Comment on Borders
the_abecedarian@piefed.social 3 hours agoi cited wars as counterexamples against peace. if that doesn’t make sense to you, im not sure we can have a productive conversation.
i completely agree that humans are part of nature. So if you like, everything we do (and everything that occurs ever) is “natural” because everything is part of nature, but that’s a fairly useless definition. we also do some relatively unique stuff, too, that is not mirrored by other animals. Nation states are not the same as wolf packs or bonobo societies or whale pods.
the most important difference here is that nations have institutions (such as a border) that exist despite the actual relationship of the people on those borders. the people on both sides of the Berlin Wall didn’t want it to be there. The people who live in Beebe Plain, a town divided by the US-Canada border, have much more in common with their neighbors than the politicians in Washington DC and Ottawa who make decisions for them. this is not the same as pack membership setting territory boundaries, this is control from a distance by strangers.

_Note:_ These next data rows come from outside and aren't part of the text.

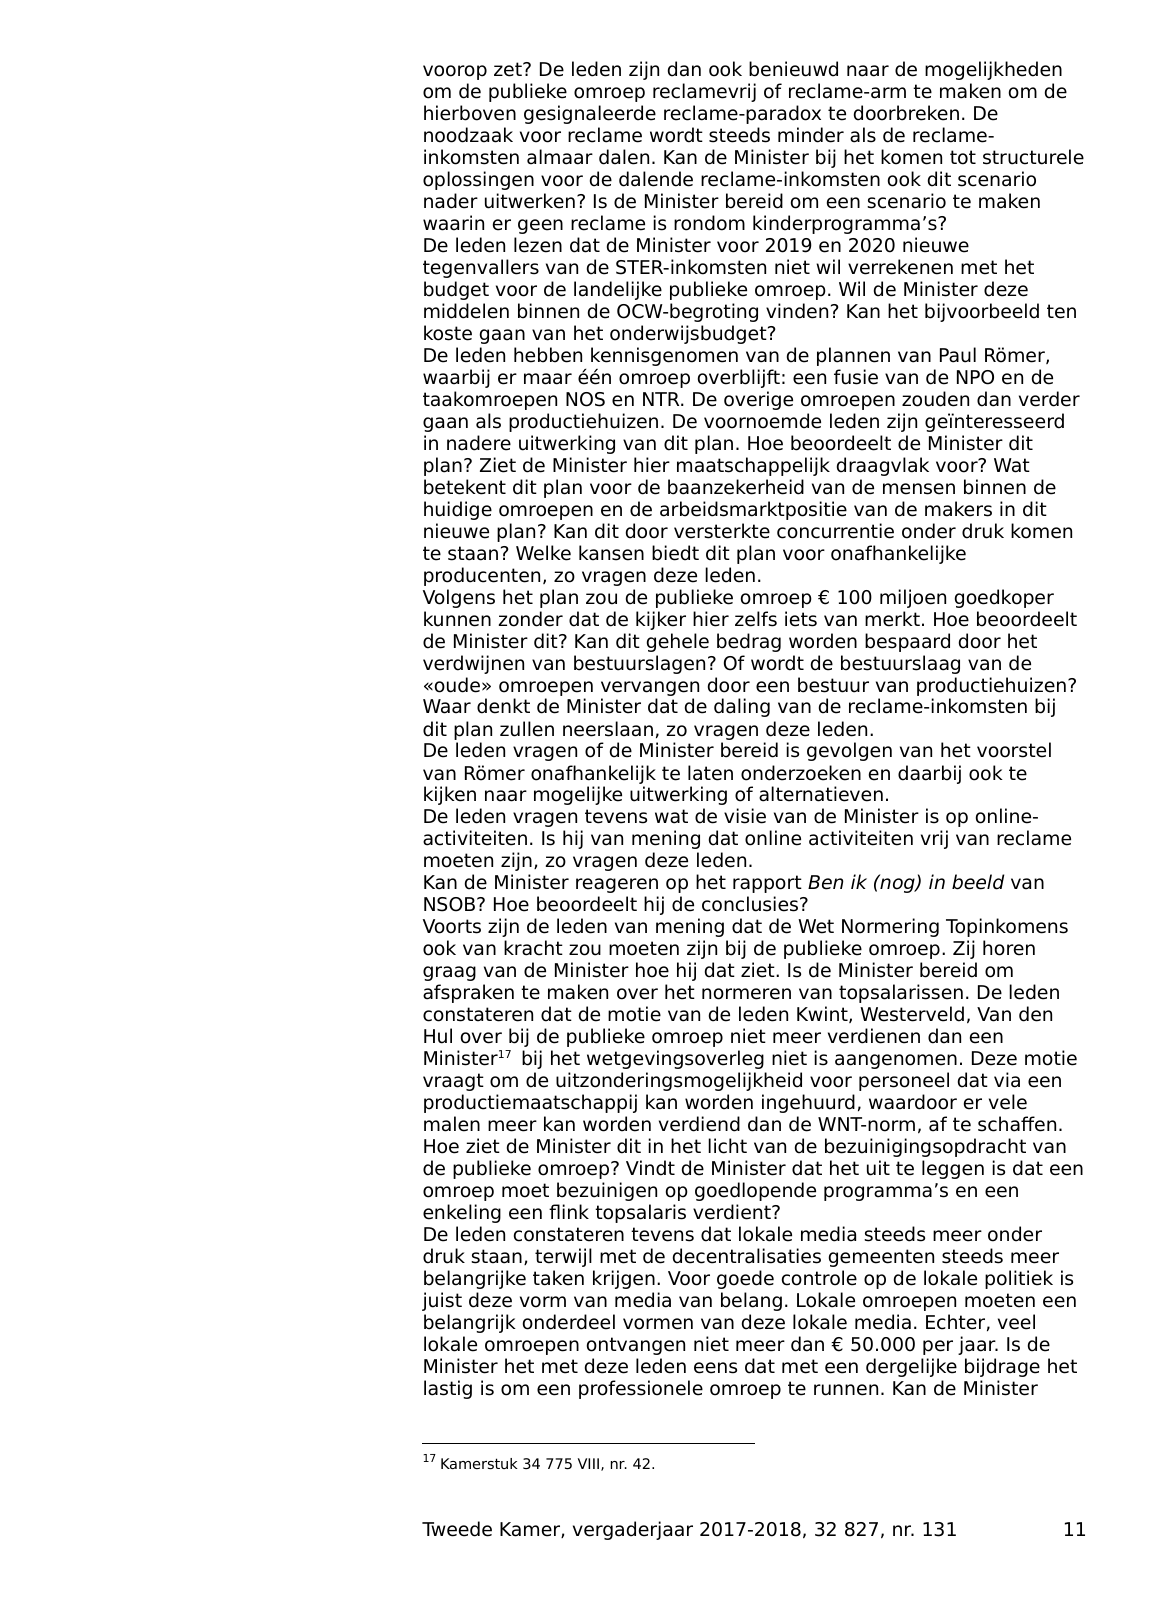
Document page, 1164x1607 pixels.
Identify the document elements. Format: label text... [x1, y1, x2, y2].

text De leden constateren tevens dat lokale media steeds meer onder druk staan, terwijl met de decentralisaties gemeenten steeds meer belangrijke taken krijgen. Voor goede controle op de lokale politiek is juist deze vorm van media van belang. Lokale omroepen moeten een belangrijk onderdeel vormen van deze lokale media. Echter, veel lokale omroepen ontvangen niet meer dan € 50.000 per jaar. Is de Minister het met deze leden eens dat met een dergelijke bijdrage het lastig is om een professionele omroep te runnen. Kan de Minister [422, 1224, 1087, 1400]
text voorop zet? De leden zijn dan ook benieuwd naar de mogelijkheden om de publieke omroep reclamevrij of reclame-arm te maken om de hierboven gesignaleerde reclame-paradox te doorbreken. De noodzaak voor reclame wordt steeds minder als de reclame-inkomsten almaar dalen. Kan de Minister bij het komen tot structurele oplossingen voor de dalende reclame-inkomsten ook dit scenario nader uitwerken? Is de Minister bereid om een scenario te maken waarin er geen reclame is rondom kinderprogramma’s? [422, 59, 1087, 235]
text De leden vragen of de Minister bereid is gevolgen van het voorstel van Römer onafhankelijk te laten onderzoeken en daarbij ook te kijken naar mogelijke uitwerking of alternatieven. [422, 740, 1087, 806]
text Kamerstuk 34 775 VIII, nr. 42. [422, 1452, 1087, 1474]
text Voorts zijn de leden van mening dat de Wet Normering Topinkomens ook van kracht zou moeten zijn bij de publieke omroep. Zij horen graag van de Minister hoe hij dat ziet. Is de Minister bereid om afspraken te maken over het normeren van topsalarissen. De leden constateren dat de motie van de leden Kwint, Westerveld, Van den Hul over bij de publieke omroep niet meer verdienen dan een Minister bij het wetgevingsoverleg niet is aangenomen. Deze motie vraagt om de uitzonderingsmogelijkheid voor personeel dat via een productiemaatschappij kan worden ingehuurd, waardoor er vele malen meer kan worden verdiend dan de WNT-norm, af te schaffen. Hoe ziet de Minister dit in het licht van de bezuinigingsopdracht van de publieke omroep? Vindt de Minister dat het uit te leggen is dat een omroep moet bezuinigen op goedlopende programma’s en een enkeling een flink topsalaris verdient? [422, 916, 1087, 1224]
text De leden hebben kennisgenomen van de plannen van Paul Römer, waarbij er maar één omroep overblijft: een fusie van de NPO en de taakomroepen NOS en NTR. De overige omroepen zouden dan verder gaan als productiehuizen. De voornoemde leden zijn geïnteresseerd in nadere uitwerking van dit plan. Hoe beoordeelt de Minister dit plan? Ziet de Minister hier maatschappelijk draagvlak voor? Wat betekent dit plan voor de baanzekerheid van de mensen binnen de huidige omroepen en de arbeidsmarktpositie van de makers in dit nieuwe plan? Kan dit door versterkte concurrentie onder druk komen te staan? Welke kansen biedt dit plan voor onafhankelijke producenten, zo vragen deze leden. [422, 345, 1087, 587]
text Kan de Minister reageren op het rapport Ben ik (nog) in beeld van NSOB? Hoe beoordeelt hij de conclusies? [422, 872, 1087, 916]
text De leden lezen dat de Minister voor 2019 en 2020 nieuwe tegenvallers van de STER-inkomsten niet wil verrekenen met het budget voor de landelijke publieke omroep. Wil de Minister deze middelen binnen de OCW-begroting vinden? Kan het bijvoorbeeld ten koste gaan van het onderwijsbudget? [422, 235, 1087, 345]
text De leden vragen tevens wat de visie van de Minister is op online-activiteiten. Is hij van mening dat online activiteiten vrij van reclame moeten zijn, zo vragen deze leden. [422, 806, 1087, 872]
text Volgens het plan zou de publieke omroep € 100 miljoen goedkoper kunnen zonder dat de kijker hier zelfs iets van merkt. Hoe beoordeelt de Minister dit? Kan dit gehele bedrag worden bespaard door het verdwijnen van bestuurslagen? Of wordt de bestuurslaag van de «oude» omroepen vervangen door een bestuur van productiehuizen? Waar denkt de Minister dat de daling van de reclame-inkomsten bij dit plan zullen neerslaan, zo vragen deze leden. [422, 587, 1087, 740]

anyway this has been interesting, im gonna get on with my day.
TheTechnician27@lemmy.world 2 hours ago
If your argument is that borders are unnatural because they’re dynamic according to a complex web of interactions, then I’d like to sample whatever meth your ecology professor has been sharing with you.
If your argument is that an uneasy peace enforced by threat of violence isn’t keeping the peace, then I’ll point you back to what the other person initially said about wolves “keeping the peace”.